# For the reaction: 2H_2O + 137 kcal -> 2H_2(g) + O_2(g) how many kcal are needed to form 2.00 moles O_2(g)?

Dec 11, 2016

$\text{274 kcal}$

#### Explanation:

Start by taking a look at the thermochemical equation given to you

$2 {\text{H"_ 2"O"_ ((l)) + "137 kcal" -> 2"H"_ (2(g)) + "O}}_{2 \left(g\right)}$

Notice that this thermochemical equation describes an endothermic reaction. You can say that because you have a heat term added to the reactants' side.

This essentially tells you that heat is needed in order for the reaction to take place.
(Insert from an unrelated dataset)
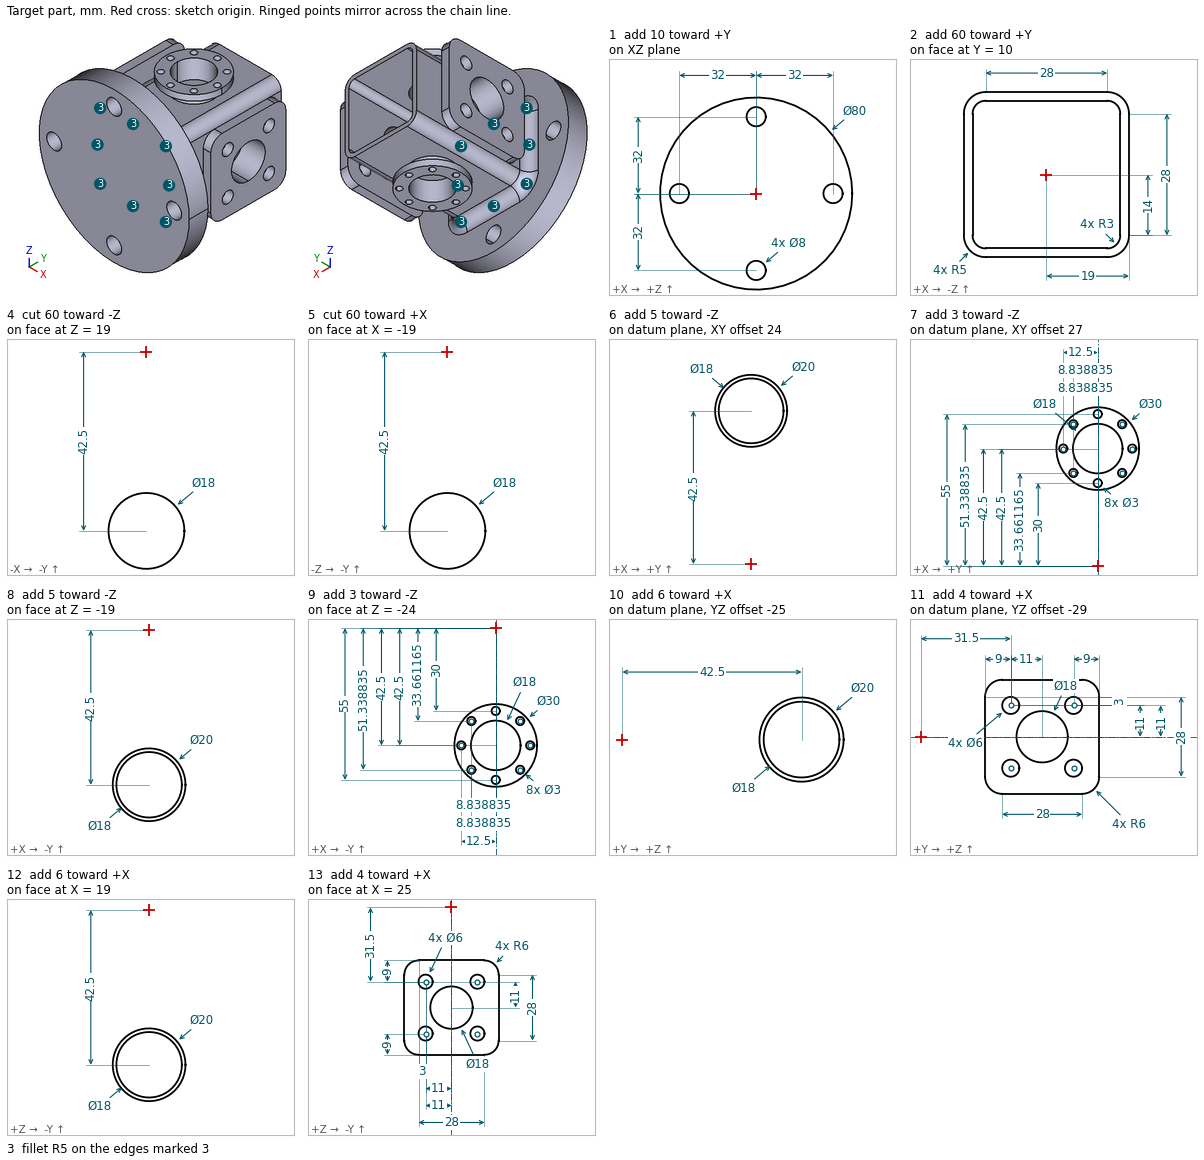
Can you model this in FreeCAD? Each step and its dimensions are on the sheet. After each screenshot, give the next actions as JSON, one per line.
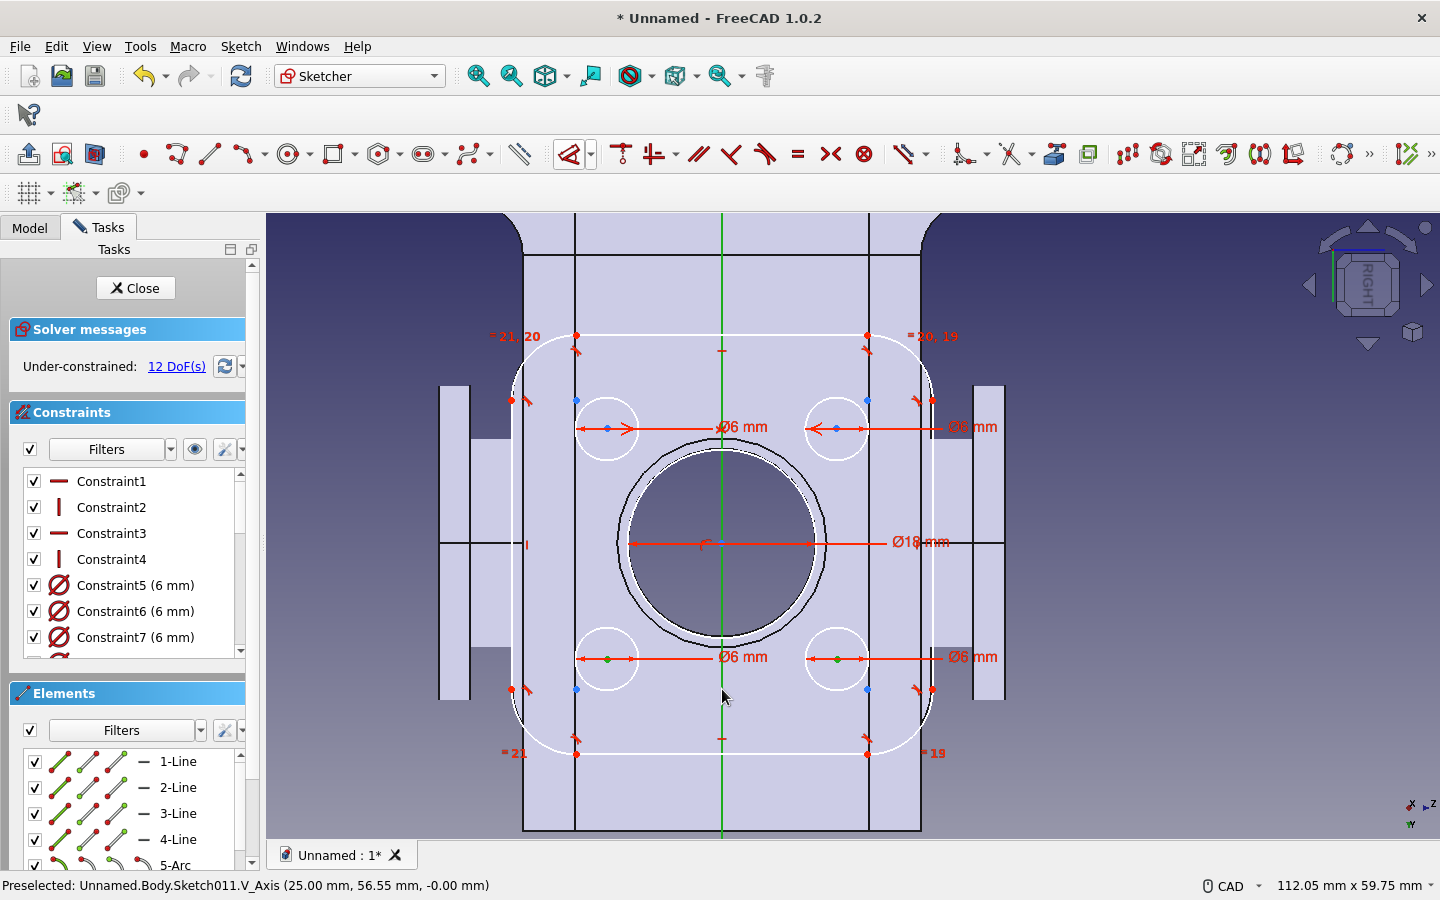
{"action": "left_click", "coordinate": [831, 154]}

This can also be shown by using the enthalpy change of reaction, $\Delta {H}_{\text{rxn}}$, which in this case is equal to

$\Delta {H}_{\text{rxn" = +"137 kcal}}$

The enthalpy change of reaction is positive because the reaction is endothermic

Now, take a look at the stoichiometric coefficients. You can say that it takes $\text{137 kcal}$ of heat in order to get $2$ moles of water to produce $2$ moles of hydrogen gas and $1$ mole of oxygen gas.
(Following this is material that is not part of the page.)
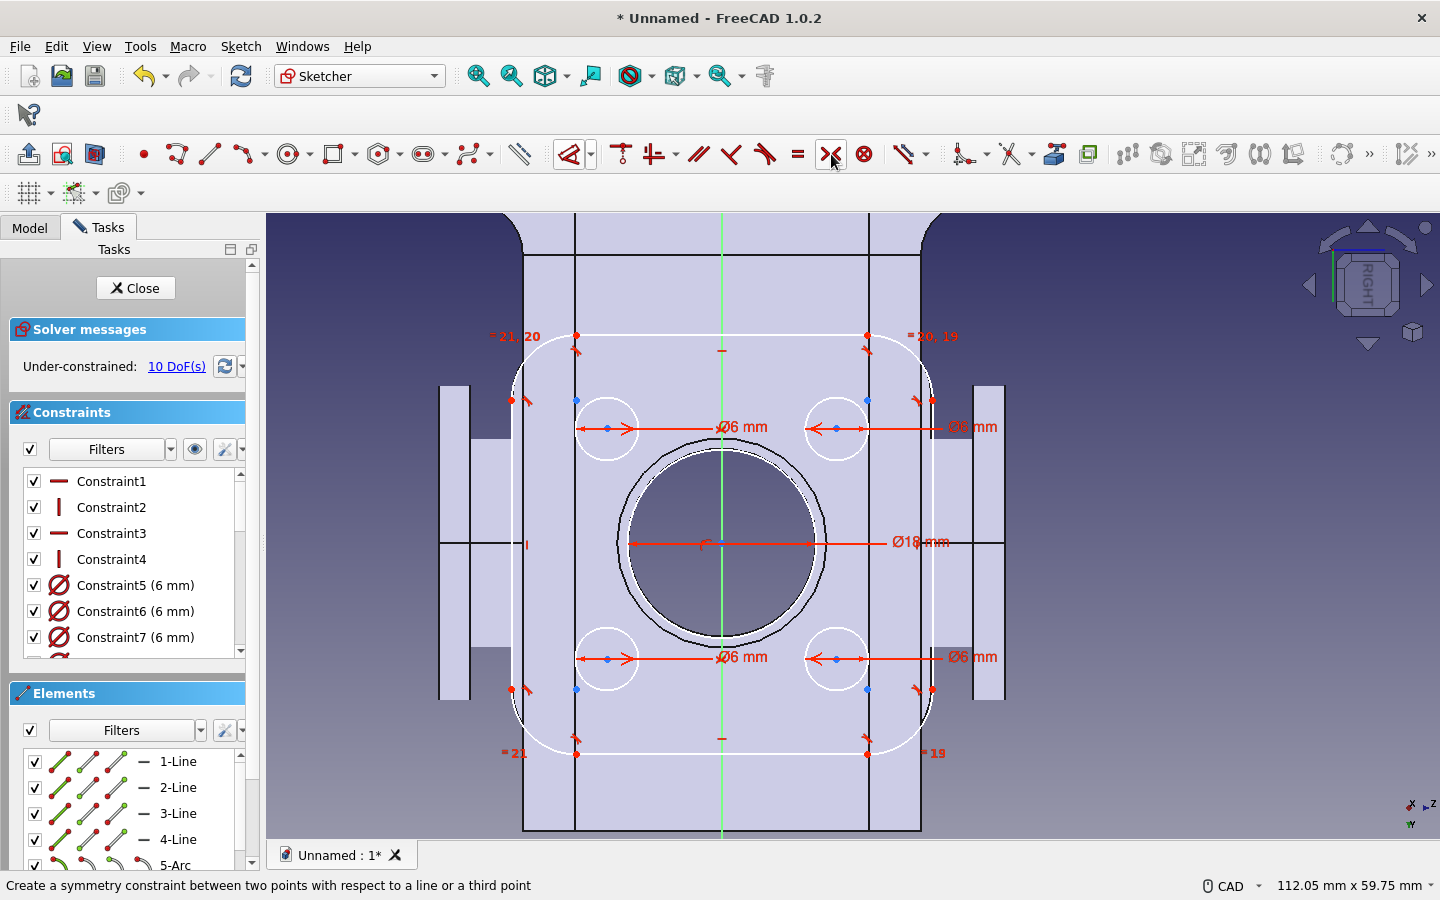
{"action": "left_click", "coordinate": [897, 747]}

The problem wants you to figure out how much heat is needed in order for the reaction to produce $2.00$ moles of oxygen gas.

You can use the fact that $\text{137 kcal}$ of heat are needed in order to produce $1$ mole of oxygen gas to say that

$2.00 \textcolor{red}{\cancel{\textcolor{b l a c k}{\text{moles O"_2))) * overbrace("137 kcal"/(1color(red)(cancel(color(black)("mole O"_2)))))^(color(blue)("given by the thermochemical equation")) = color(darkgreen)(ul(color(black)("274 kcal}}}}$

The answer is rounded to three sig figs.